Change of C-section rate over time
C-section rate increased dramatically from 4.0% in 1998 to 18.5% in 2017 with a rapid increase in urban areas (Figure 1). In 2017, the C-section rate in urban areas (22.9%) was almost two times that of rural areas (11.8%). The C-section rate increased in all regions, and it was the highest in the western region (21.5% in 2017), followed by the central region (15.6% in 2017) and the eastern region (10.7% in 2017) (Figure S1).
C-section rates increased over time for all sociodemographic groups, with statistically significant changes between each survey period (Table 2). Between 1998 and 2017, we observed the most increase of C-section rate among women who were over 30 years old, were university educated, and had only one child. The C-section rate among women from the richest wealth quintile had the most absolute increase compared to all other sociodemographic groups from 13.0% in 1998-2002 to 33.2% in 2013-2017.

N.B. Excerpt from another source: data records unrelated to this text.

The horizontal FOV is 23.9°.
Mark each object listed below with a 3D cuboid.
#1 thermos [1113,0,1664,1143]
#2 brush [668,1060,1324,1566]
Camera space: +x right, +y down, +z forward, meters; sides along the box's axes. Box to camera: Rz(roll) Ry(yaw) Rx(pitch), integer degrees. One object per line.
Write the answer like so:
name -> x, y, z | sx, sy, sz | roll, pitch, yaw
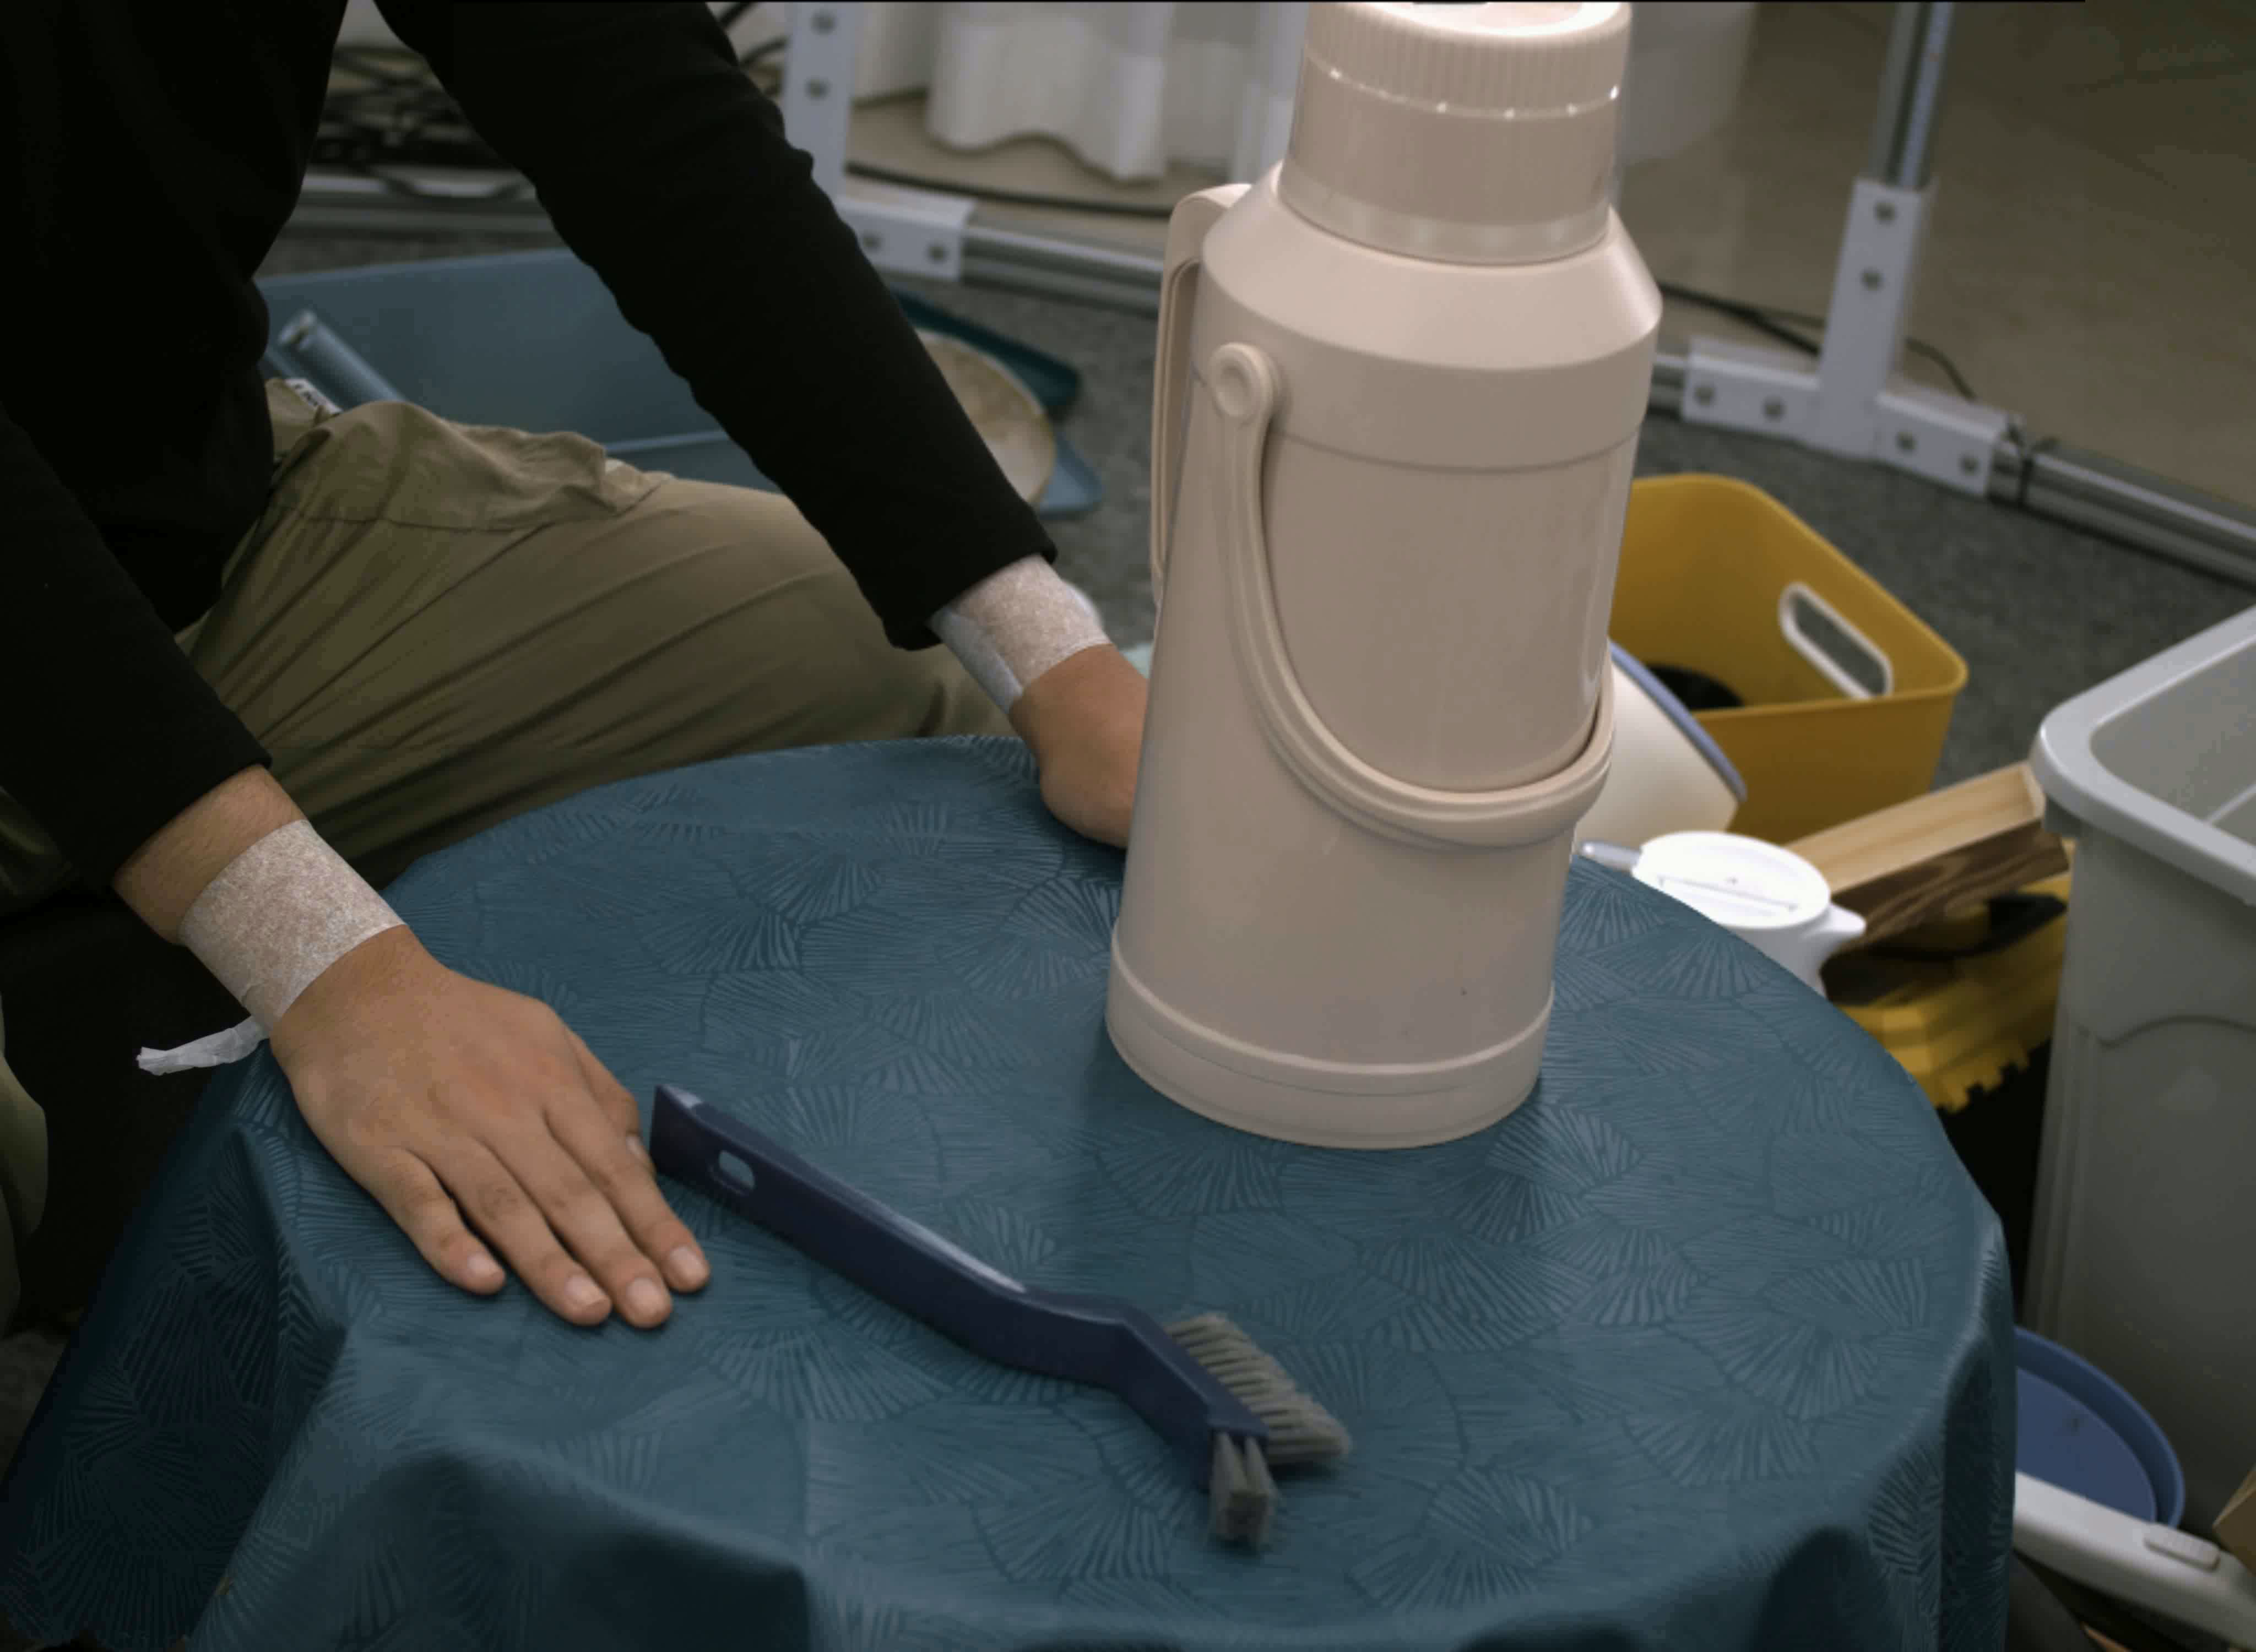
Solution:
thermos -> 0.084, -0.106, 1.836 | 0.174, 0.405, 0.209 | -19, 36, -38
brush -> -0.057, 0.151, 1.699 | 0.274, 0.033, 0.095 | 24, 30, 27

C-section rate increased from 10.5% in 1998-2002 to 22.8% in 2013-2017 for women who used any childbirth care services. C-section rate was higher among women who used public services than women who used private services in the first three waves of the surveys, while the absolute increase of C-sections by private services was more than that of the public services over the study period. In 2013-2017, the C-section rate of births by private services (23.1%) was slightly higher than that by the public services (22.5%) (Table 2).
Between 2008 and 2017, homebirths decreased significantly even among the poorest wealth quintile. The difference in homebirth between the poorest wealth quintile and the richest quintile became smaller over time (p<0.01). Meanwhile, the difference of C-section rate at any service type between the poorest and the richest wealth quintile enlarged over the past decade, with a significant increase in C-section rate among well-off women for both public and private services (Table S1). The C-section rate among women from the poorest wealth quintile who used private services increased over time, while it decreased among those who used public services. In 2017, the C-section rates among the poorest and richest wealth quintile were 12.9% and 36.5%, respectively. For both groups, there were no significant differences in C-section rates by public or private services.